Du rap "fait maison" au hip-hop
Pour toute la deuxième génération de rappeurs, les MJC et les centres sociaux ont organisé pendant de nombreuses années des ateliers pour apprendre à poser un flow, utiliser les samples. Avant de disparaître peu à peu, semblant obsolètes face à la montée du rap autoproduit. La MJC d’Aubagne, aujourd’hui fermée, constituait un vivier de jeunes rappeurs talentueux. SCH, le rappeur de 28 ans aux multiples disques de platine, une des coqueluches du rap français actuel, y a fait ses premières scènes.
Aujourd’hui à Marseille ce sont surtout par les associations, les salles de concert comme l’Affranchi et le Makeda, ou les studios privés, qui pullulent, que les jeunes accèdent au rap. « Ça a existé, les ateliers d‘écriture dans les MJC, dans les centres sociaux. Pour récompenser ces jeunes, on montait des guinguettes pour qu’ils puissent se produire, explique Soly, président de B.Vice, association et studio d’enregistrement historique à la Savine. Aujourd’hui ça n’existe plus, il n’y a presque plus de lieux pour des ateliers rap à Marseille. » Selon lui, les institutions et politiques n’ont pas vraiment mis les moyens pour développer la culture hip-hop et la rendre accessible.
« Planter les graines »
L’encadrement des ados dans le rap est un défi pour ces structures associatives qui continuent d’organiser des ateliers d’écriture et de production musicale. L’enjeu est surtout de leur transmettre la culture hip-hop, ses valeurs de partage et de solidarité. Des valeurs que les jeunes découvrent sur le tas lors de ces ateliers, face à la dimension plus individualiste du rap actuel. « La culture rap est devenue plus populaire, mais les valeurs n’ont pas été transmises », regrette Francine Bonnot, qui souhaite « planter les graines » de cette culture chez les jeunes. Avec Aude Kaboré, leur association, Orizon Sud, organise des ateliers de rap, graff’, danse, beatbox. Hors de question pour elle cependant de créer une fracture entre « l’ancien » et le « nouveau » rap. « Jul pour eux c’est une référence, si on raccroche Jul avec le rap des années 80 c’est là que l’on peut faire de la transmission », assure-t-elle.

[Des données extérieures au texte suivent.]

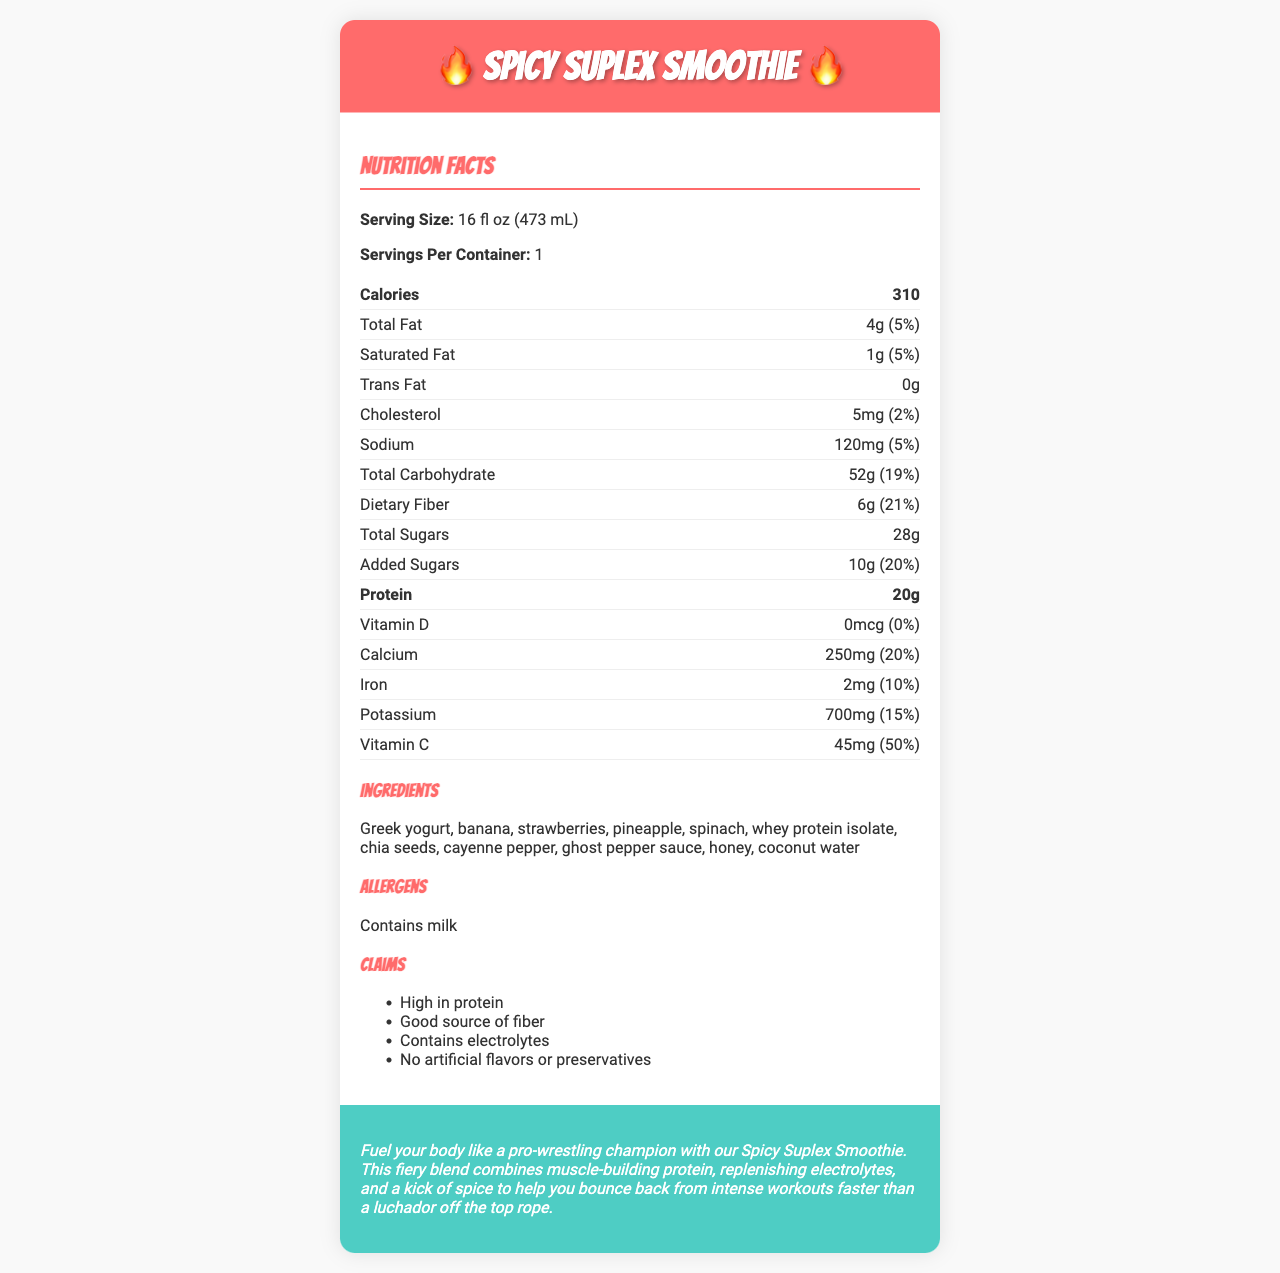what is the serving size of the Spicy Suplex Smoothie? The serving size is listed at the top of the nutrition facts section.
Answer: 16 fl oz (473 mL) how many calories are in one serving of the Spicy Suplex Smoothie? The calories per serving are highlighted in bold within the nutrition facts.
Answer: 310 what is the total amount of dietary fiber per serving? The amount of dietary fiber is listed under the total carbohydrate section.
Answer: 6g how much protein is in the Spicy Suplex Smoothie? The protein content is clearly stated and highlighted in bold within the nutrition facts.
Answer: 20g what percentage of the daily value of calcium does the smoothie provide? The daily value percentage for calcium is listed in the lower part of the nutrition facts.
Answer: 20% which of the following ingredients is NOT in the Spicy Suplex Smoothie? A. Greek yogurt B. Spinach C. Blueberries D. Honey The ingredients list includes Greek yogurt, spinach, and honey, but not blueberries.
Answer: C. Blueberries what is the daily value percentage of vitamin C provided by the smoothie? A. 15% B. 30% C. 50% D. 100% The percentage daily value of vitamin C is stated as 50% in the nutrition facts.
Answer: C. 50% does the Spicy Suplex Smoothie contain any trans fat? According to the nutrition facts, the amount of trans fat is listed as 0g.
Answer: No can people with a milk allergy consume this smoothie? The allergens section states that the product contains milk.
Answer: No how many grams of added sugars are in the Spicy Suplex Smoothie? The amount of added sugars is specified in the nutrition facts.
Answer: 10g summarize the main idea of the Spicy Suplex Smoothie document. The document highlights the nutritional benefits, ingredients, and target audience for the Spicy Suplex Smoothie, emphasizing its suitability for intense workouts with a focus on protein and spiciness.
Answer: The Spicy Suplex Smoothie is a post-workout recovery drink designed for pro-wrestling fans, featuring high protein, electrolytes, and a spicy kick. It offers detailed nutrition facts, a list of ingredients, allergen information, and specific health claims such as being high in protein and fiber. what is the percentage daily value of cholesterol in the Spicy Suplex Smoothie? The daily value percentage for cholesterol is listed as 2% in the nutrition facts.
Answer: 2% what flavor additives are used in the Spicy Suplex Smoothie? The document states there are no artificial flavors or preservatives, but it doesn't specify all possible flavor additives.
Answer: Cannot be determined how many total sugars are in the Spicy Suplex Smoothie? The total amount of sugars is listed under the total carbohydrate section in the nutrition facts.
Answer: 28g how much potassium does the smoothie contain? The amount of potassium is specified in the lower section of the nutrition facts.
Answer: 700mg what makes the Spicy Suplex Smoothie spicy? The ingredients list includes cayenne pepper and ghost pepper sauce, contributing to the smoothie’s spiciness.
Answer: Cayenne pepper and ghost pepper sauce which of the following claims is NOT made about the Spicy Suplex Smoothie? A. High in protein B. Good source of fiber C. Contains electrolytes D. Low in carbohydrates The claims section lists "High in protein," "Good source of fiber," and "Contains electrolytes," but does not mention "Low in carbohydrates."
Answer: D. Low in carbohydrates does the Spicy Suplex Smoothie have any vitamin D? The nutrition facts indicate that the amount of vitamin D is 0mcg, providing 0% of the daily value.
Answer: No

Pour Soly, les ateliers sont surtout l’occasion de débattre et de faire de l’éducation populaire, pour transmettre des « valeurs citoyennes ». « N’importe quel gamin a chez lui les moyens d’écrire tout seul dans sa chambre, de s’enregistrer, de balancer ça sur le Net, explique le rappeur de B.Vice. Mais dès qu’on leur offre un cadre, leur rap devient plus conscient, politique, ça va plus loin que le simple m’as-tu-vu. » Ces ateliers sont surtout une manière de permettre l’accès à la culture, au sens large, pour Francine Bonnot. « Notre but c’est que cette culture leur permette de s’ouvrir l’esprit. Leur permettre de se découvrir des talents, quelque chose qui les emballe. Leur montrer qu’ils ne sont pas voués à rester en bas de leur immeuble ou au taxiphone. » Encadrer et transmettre, pour sublimer et élever.